Most small LAN network uses a single router as the gateway. As the single exit point of all traffic to the internet, it can act as
local server to proxy traffic. However, most home or enterprise-grade routers have limited CPU power as most network functionalities are implemented in silicon, but proxy protocols all use encryption algorithms that requires significant computing power. This results in unstable device performance and unable to reach the WAN speed.
Most recommended setup is to have a desktop machine running as the gateway. Software such as Clash for Windows and Surge for Mac can act as the transparent proxy in the local network.
International Internet Access and Remote Server
The success of circumventing the GFW and the network quality of cross-border traffic depends on the accessibility of the remote server and the quality-of-service (QoS) of the international internet access.
There are many internet access lines and virtual private server (VPS) for hosting the
remote server. It is not recommended to set up your own
remote server, because
- Complexity. You are responsible to choose internet access lines, hosting, IP, DNS, software, and testing.
- Access to only a few locations, and multi-location deployment requires setting up and maintaining multiple VPS hosting.
- Ongoing maintenance.

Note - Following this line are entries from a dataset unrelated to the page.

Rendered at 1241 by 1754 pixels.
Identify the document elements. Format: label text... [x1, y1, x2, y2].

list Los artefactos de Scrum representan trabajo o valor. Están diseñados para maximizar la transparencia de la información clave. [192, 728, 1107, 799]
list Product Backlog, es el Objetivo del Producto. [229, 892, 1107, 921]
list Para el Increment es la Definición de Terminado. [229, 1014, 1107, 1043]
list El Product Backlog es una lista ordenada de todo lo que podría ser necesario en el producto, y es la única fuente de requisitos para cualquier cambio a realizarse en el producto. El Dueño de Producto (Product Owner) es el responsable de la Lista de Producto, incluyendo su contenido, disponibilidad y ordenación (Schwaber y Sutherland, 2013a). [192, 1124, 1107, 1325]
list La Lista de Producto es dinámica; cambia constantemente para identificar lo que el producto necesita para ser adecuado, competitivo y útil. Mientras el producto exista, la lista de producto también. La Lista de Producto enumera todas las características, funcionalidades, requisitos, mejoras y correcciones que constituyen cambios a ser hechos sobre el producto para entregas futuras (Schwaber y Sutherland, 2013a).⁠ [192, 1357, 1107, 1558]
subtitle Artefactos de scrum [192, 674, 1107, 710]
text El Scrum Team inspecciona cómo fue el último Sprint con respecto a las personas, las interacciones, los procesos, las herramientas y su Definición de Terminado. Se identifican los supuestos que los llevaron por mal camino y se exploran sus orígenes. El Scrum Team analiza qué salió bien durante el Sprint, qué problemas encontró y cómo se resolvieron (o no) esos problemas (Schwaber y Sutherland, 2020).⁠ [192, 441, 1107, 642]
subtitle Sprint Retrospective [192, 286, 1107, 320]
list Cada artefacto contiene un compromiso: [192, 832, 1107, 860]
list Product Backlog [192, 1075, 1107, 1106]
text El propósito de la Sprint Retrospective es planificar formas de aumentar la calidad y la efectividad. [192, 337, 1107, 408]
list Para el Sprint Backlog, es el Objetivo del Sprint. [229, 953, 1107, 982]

Software upgrades and configuration testing are required.
Thus, it is recommended to find a reliable service provider as your
remote server. This website provides testing results for major service providers.
CN2 stands for Chinatelecom Next Carrier Network provides QoS to international internet access. There are two types, CN2 Global Transit and CN2 Global Internet Access. CN2 Global Internet Access is the best but expensive.

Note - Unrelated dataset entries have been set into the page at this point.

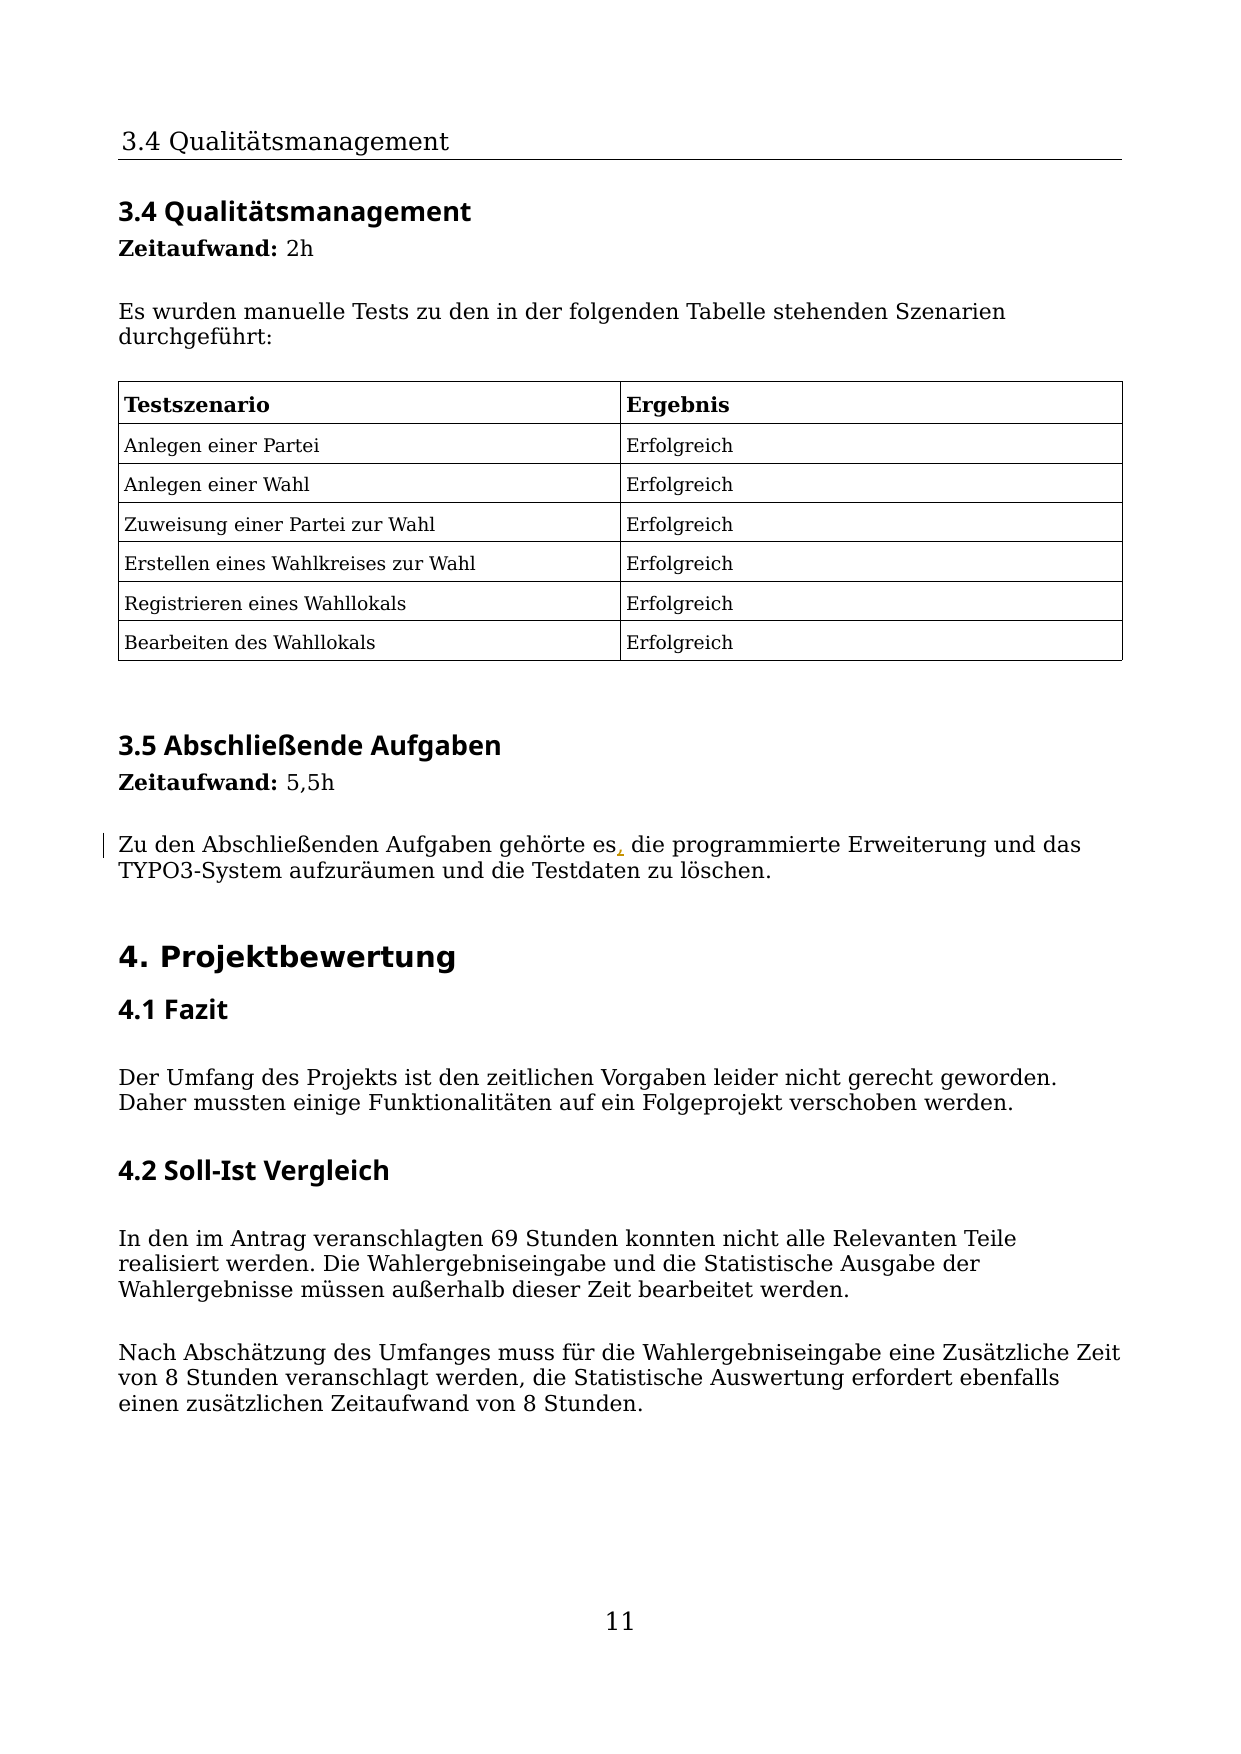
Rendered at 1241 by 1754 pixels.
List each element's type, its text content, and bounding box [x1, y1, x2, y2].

subtitle Zu den Abschließenden Aufgaben gehörte es, die programmierte Erweiterung und das TYPO3-System aufzuräumen und die Testdaten zu löschen. [118, 833, 1122, 884]
subtitle 3.4 Qualitätsmanagement [118, 193, 1122, 230]
subtitle Zeitaufwand: 2h [118, 236, 1122, 261]
table_cell Registrieren eines Wahllokals [119, 582, 620, 620]
table_cell Bearbeiten des Wahllokals [119, 621, 620, 659]
table_cell Erfolgreich [621, 464, 1122, 502]
table_cell Erfolgreich [621, 542, 1122, 581]
table_cell Anlegen einer Wahl [119, 464, 620, 502]
table_cell Zuweisung einer Partei zur Wahl [119, 503, 620, 541]
subtitle Es wurden manuelle Tests zu den in der folgenden Tabelle stehenden Szenarien durchgeführt: [118, 299, 1122, 350]
table_cell Erfolgreich [621, 621, 1122, 659]
subtitle Zeitaufwand: 5,5h [118, 769, 1122, 795]
subtitle 4.1 Fazit [118, 991, 1122, 1028]
subtitle Nach Abschätzung des Umfanges muss für die Wahlergebniseingabe eine Zusätzliche Zeit von 8 Stunden veranschlagt werden, die Statistische Auswertung erfordert ebenfalls einen zusätzlichen Zeitaufwand von 8 Stunden. [118, 1340, 1122, 1416]
table_cell Erfolgreich [621, 424, 1122, 463]
table_cell Erstellen eines Wahlkreises zur Wahl [119, 542, 620, 581]
subtitle 4.2 Soll-Ist Vergleich [118, 1152, 1122, 1188]
table_header Testszenario [119, 382, 620, 423]
table_cell Erfolgreich [621, 582, 1122, 620]
table_cell Erfolgreich [621, 503, 1122, 541]
table_cell Anlegen einer Partei [119, 424, 620, 463]
subtitle In den im Antrag veranschlagten 69 Stunden konnten nicht alle Relevanten Teile realisiert werden. Die Wahlergebniseingabe und die Statistische Ausgabe der Wahlergebnisse müssen außerhalb dieser Zeit bearbeitet werden. [118, 1226, 1122, 1302]
subtitle 3.5 Abschließende Aufgaben [118, 727, 1122, 763]
subtitle Der Umfang des Projekts ist den zeitlichen Vorgaben leider nicht gerecht geworden. Daher mussten einige Funktionalitäten auf ein Folgeprojekt verschoben werden. [118, 1065, 1122, 1116]
table_header Ergebnis [621, 382, 1122, 423]
subtitle 4. Projektbewertung [118, 940, 1122, 974]

BGP network can dynamically switch between ISPs based on congestion, latency, and status. Hosting remote server in a data center with BGP can reduce latency and jitter variance due to ISP and internet weather.

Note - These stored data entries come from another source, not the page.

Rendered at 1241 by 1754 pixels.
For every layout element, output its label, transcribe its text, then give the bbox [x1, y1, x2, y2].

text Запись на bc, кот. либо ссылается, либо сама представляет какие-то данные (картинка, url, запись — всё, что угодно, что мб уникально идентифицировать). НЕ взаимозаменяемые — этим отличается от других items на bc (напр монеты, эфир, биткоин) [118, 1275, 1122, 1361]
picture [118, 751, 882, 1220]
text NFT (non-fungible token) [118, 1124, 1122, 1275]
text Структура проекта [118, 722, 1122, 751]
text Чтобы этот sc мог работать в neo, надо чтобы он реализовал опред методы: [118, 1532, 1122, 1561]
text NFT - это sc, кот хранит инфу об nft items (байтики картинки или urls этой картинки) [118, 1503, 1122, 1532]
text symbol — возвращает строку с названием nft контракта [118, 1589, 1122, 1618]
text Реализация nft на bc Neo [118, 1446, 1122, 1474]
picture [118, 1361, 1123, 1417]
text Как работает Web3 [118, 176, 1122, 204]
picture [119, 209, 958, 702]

AWS, Azure, and GCP provide hosting, but they mostly focus on international enterprise customers and the cost for bandwidth is quite high.
PCCW, HKT, HKBN
Hong Kong SAR is not within GFW but is close to mainland China. It is a popular location for data center providers. PCCW is hosted in Hong Kong SAR with dedicated connection to mainland China.
IPLC stands for International Private Lease Circuit. It is dedicated lease line to access the international internet. It is very expensive on monthly and bandwidth charge. IPLC does not go through GFW.
Shadowsocks runs on OSI Layer 5 and WebSocket + TLS runs on Layer 4 and 7. Due to this limitation, not all network traffic can be proxied. Exceptions include Layer 3 protocols such as ICMP (ping and trace route) and certain Layer 4 protocols.
Most of popular Virtual Private Networking (VPN) protocols, such as PPTP, L2TP, OpenVPN, and SSTP, runs on Layer 2 and Layer 3, allowing to proxy almost all network traffic. Though VPN can encrypt traffic, but its traffic pattern is well-defined and easily distinguishable, making it easy for GFW to detect and block.
WireGuard is a new and simpler VPN protocol. It is UDP-based, making it immune to TCP-reset attack and not as characteristic as connection-based protocols. However, UDP traffic is heavily shaped by ISP based on QoS, making it less reliable to traverse through lower-grade internet.